• _Stored data_
+ + + + + + +

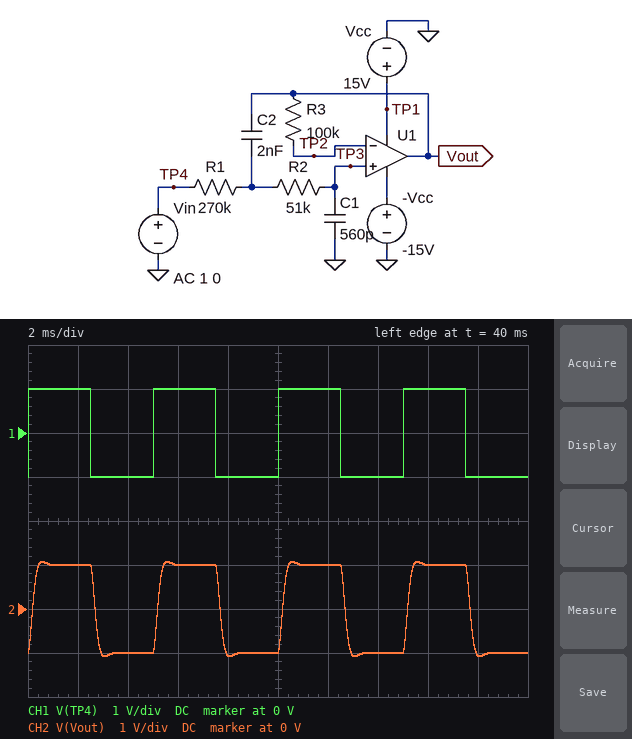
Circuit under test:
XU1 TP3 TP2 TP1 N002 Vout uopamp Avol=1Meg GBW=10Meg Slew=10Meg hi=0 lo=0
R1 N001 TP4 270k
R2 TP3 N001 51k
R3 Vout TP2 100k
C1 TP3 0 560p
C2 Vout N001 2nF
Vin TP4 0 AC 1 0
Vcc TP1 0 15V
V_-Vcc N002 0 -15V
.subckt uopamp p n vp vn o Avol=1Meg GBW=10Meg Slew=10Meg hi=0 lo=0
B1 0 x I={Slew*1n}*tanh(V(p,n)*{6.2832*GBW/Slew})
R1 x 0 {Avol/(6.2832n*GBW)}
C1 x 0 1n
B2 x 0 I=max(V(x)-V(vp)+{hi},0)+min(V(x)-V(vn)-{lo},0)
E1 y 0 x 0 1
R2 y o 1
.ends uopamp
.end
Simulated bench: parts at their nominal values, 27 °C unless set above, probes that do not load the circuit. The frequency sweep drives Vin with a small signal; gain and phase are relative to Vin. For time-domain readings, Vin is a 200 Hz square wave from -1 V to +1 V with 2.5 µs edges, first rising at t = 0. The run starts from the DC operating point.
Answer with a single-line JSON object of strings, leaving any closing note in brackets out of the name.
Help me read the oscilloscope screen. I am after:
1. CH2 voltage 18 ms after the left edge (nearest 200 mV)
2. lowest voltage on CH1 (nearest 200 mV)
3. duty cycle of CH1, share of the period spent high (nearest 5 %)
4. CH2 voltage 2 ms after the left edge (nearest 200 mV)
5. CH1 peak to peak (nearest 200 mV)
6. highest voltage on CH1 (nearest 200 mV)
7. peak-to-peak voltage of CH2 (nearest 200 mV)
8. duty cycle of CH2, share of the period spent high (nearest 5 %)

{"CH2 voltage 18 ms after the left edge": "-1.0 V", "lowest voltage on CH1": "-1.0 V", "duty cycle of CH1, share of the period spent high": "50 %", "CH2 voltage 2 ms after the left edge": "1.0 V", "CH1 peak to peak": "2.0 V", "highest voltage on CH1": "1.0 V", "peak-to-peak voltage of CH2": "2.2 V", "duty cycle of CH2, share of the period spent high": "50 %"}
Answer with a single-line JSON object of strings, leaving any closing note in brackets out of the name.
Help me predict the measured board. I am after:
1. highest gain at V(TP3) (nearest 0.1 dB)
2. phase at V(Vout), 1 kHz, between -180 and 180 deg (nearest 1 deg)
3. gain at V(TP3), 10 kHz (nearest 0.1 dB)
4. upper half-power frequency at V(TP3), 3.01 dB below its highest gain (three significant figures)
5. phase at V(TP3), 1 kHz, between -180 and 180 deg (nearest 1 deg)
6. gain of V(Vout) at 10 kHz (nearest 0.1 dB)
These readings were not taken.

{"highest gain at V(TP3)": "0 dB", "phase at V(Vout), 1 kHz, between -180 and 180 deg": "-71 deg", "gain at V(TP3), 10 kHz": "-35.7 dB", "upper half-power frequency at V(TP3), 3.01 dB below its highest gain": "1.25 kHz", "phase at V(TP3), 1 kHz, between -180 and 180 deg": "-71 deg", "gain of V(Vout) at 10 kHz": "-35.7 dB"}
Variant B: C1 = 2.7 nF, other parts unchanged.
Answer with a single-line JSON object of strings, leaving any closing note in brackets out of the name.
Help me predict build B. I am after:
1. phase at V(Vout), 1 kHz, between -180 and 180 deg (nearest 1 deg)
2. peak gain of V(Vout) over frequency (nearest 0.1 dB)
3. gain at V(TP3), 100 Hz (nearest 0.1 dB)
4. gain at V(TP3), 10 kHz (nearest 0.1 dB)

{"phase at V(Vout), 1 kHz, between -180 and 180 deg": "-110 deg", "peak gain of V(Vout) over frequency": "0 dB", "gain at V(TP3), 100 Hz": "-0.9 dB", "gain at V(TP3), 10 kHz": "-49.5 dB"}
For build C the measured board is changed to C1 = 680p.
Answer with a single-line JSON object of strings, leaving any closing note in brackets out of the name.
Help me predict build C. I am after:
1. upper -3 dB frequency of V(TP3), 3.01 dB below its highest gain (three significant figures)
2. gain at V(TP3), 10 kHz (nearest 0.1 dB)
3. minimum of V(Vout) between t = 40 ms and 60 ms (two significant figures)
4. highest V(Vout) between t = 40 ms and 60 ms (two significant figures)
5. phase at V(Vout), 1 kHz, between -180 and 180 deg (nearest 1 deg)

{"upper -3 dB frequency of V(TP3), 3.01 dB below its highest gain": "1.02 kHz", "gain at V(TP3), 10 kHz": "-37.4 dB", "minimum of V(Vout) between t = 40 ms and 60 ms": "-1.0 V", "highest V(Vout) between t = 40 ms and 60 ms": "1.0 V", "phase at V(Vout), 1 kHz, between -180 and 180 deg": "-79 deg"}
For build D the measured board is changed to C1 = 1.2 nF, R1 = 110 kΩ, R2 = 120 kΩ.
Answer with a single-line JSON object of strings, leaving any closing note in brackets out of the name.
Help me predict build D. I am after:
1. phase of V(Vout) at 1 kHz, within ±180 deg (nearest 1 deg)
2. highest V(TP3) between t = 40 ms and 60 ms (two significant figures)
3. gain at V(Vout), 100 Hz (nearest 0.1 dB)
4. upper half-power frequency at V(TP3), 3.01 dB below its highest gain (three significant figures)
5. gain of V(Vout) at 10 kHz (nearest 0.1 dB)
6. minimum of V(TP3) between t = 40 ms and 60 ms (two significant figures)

+ + + + + + +

• _Aim of the exercise_
Scan the entries above for the word "Slew". Report the lines that hold it.

• _Output for this task_
XU1 TP3 TP2 TP1 N002 Vout uopamp Avol=1Meg GBW=10Meg Slew=10Meg hi=0 lo=0
.subckt uopamp p n vp vn o Avol=1Meg GBW=10Meg Slew=10Meg hi=0 lo=0
B1 0 x I={Slew*1n}*tanh(V(p,n)*{6.2832*GBW/Slew})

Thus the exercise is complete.